__Exercise goal__. Among the lines of the records, find all that carry the word "forward" and copy them.

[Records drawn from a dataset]
==================================================
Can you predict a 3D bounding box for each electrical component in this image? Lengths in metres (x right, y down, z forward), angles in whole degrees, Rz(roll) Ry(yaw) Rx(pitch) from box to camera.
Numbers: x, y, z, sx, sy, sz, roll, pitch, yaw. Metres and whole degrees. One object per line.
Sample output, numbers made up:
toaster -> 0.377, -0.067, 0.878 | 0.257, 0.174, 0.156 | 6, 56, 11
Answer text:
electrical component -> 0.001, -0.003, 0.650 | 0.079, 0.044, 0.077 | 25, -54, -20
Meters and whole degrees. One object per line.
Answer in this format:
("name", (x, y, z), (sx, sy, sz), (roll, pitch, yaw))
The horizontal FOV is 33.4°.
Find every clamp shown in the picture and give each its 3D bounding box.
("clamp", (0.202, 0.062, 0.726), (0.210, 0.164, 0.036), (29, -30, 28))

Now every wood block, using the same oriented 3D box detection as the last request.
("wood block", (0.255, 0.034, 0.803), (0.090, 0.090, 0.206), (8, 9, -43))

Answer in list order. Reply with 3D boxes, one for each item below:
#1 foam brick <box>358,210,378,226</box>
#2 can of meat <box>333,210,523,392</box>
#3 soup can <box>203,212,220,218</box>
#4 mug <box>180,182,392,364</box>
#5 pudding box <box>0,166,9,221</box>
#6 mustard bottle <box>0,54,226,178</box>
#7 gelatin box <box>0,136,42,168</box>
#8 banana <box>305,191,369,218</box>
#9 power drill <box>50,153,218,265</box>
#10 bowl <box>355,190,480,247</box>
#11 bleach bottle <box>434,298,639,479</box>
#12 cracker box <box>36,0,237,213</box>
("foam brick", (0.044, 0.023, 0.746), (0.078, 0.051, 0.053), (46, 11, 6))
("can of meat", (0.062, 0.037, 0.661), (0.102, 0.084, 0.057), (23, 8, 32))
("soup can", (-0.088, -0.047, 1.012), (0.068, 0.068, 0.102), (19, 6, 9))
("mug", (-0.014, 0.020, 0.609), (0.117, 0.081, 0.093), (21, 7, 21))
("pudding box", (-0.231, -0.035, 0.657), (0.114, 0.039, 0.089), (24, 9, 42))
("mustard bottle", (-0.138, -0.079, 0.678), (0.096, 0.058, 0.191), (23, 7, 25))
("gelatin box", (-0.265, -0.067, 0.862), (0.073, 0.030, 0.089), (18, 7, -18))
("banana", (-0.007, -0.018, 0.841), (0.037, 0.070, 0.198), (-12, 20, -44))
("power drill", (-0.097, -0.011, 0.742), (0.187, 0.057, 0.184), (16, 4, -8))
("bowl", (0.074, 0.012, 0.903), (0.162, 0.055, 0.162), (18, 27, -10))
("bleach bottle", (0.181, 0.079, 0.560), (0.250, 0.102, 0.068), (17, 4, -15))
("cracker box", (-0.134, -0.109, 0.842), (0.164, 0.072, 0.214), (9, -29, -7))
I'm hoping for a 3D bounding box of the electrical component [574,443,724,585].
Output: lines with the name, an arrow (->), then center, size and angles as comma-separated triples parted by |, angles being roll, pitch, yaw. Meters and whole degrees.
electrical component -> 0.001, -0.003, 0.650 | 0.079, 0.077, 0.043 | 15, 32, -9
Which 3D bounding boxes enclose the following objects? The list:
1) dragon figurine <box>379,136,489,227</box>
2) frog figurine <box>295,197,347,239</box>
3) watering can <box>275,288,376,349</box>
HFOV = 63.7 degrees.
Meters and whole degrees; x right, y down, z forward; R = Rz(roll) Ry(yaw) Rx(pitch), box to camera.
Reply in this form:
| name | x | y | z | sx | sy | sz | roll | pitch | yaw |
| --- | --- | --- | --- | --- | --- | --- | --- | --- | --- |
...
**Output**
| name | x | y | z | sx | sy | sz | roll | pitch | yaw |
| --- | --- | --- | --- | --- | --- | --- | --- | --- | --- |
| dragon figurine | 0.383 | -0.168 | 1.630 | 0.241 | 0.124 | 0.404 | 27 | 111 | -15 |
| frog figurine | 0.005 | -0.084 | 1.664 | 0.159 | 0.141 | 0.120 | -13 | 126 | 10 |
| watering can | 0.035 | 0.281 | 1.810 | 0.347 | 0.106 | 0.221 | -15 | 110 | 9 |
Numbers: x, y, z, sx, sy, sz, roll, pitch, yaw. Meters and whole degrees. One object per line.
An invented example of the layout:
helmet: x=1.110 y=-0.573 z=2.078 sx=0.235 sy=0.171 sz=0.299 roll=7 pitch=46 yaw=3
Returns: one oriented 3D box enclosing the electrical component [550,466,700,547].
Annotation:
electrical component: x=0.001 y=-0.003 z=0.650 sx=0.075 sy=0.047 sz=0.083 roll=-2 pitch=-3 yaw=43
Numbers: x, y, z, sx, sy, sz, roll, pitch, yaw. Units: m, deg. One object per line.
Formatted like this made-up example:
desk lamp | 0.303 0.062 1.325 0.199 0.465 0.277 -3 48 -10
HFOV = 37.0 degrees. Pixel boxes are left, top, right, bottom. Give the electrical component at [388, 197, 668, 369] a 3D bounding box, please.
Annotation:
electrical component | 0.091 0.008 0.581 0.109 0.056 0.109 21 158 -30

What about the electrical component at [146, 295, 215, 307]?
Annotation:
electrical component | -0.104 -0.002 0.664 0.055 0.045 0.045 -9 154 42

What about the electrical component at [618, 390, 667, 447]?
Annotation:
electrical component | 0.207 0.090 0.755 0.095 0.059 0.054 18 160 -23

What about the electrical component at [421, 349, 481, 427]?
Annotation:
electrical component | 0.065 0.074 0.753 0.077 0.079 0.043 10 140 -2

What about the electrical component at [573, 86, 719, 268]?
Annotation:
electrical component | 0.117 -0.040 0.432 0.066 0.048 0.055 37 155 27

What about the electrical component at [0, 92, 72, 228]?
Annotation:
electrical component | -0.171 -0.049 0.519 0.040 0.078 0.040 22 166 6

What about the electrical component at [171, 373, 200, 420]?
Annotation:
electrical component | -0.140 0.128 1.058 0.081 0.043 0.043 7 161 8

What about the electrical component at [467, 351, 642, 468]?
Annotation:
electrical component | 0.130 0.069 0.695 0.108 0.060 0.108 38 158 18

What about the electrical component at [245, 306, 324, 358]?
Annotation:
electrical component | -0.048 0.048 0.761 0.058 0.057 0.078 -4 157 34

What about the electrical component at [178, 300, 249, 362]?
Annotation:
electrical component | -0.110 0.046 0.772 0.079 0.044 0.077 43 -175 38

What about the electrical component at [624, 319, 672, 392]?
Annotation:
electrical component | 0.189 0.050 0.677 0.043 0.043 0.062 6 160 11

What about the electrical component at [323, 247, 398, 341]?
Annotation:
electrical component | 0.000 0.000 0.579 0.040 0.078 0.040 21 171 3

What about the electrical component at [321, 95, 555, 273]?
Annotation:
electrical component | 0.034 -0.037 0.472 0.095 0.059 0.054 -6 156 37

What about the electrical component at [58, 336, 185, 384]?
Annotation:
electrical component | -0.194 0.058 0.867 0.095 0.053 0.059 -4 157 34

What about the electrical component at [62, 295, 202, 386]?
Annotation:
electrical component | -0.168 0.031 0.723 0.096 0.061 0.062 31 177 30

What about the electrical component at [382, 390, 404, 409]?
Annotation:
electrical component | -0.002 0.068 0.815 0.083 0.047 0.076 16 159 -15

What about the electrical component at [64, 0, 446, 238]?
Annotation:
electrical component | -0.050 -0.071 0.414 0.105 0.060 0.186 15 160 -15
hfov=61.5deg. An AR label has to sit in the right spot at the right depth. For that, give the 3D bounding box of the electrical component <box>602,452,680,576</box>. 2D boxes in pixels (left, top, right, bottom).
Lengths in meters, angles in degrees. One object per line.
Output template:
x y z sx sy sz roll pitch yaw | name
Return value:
==================================================
__Worked solution__.
Can you predict a 3D bounding box for each electrical component in this image? Lengths in metres (x right, y down, z forward), angles in whole degrees, Rz(roll) Ry(yaw) Rx(pitch) from box to camera.
Meters and whole degrees; x right, y down, z forward; R = Rz(roll) Ry(yaw) Rx(pitch), box to camera.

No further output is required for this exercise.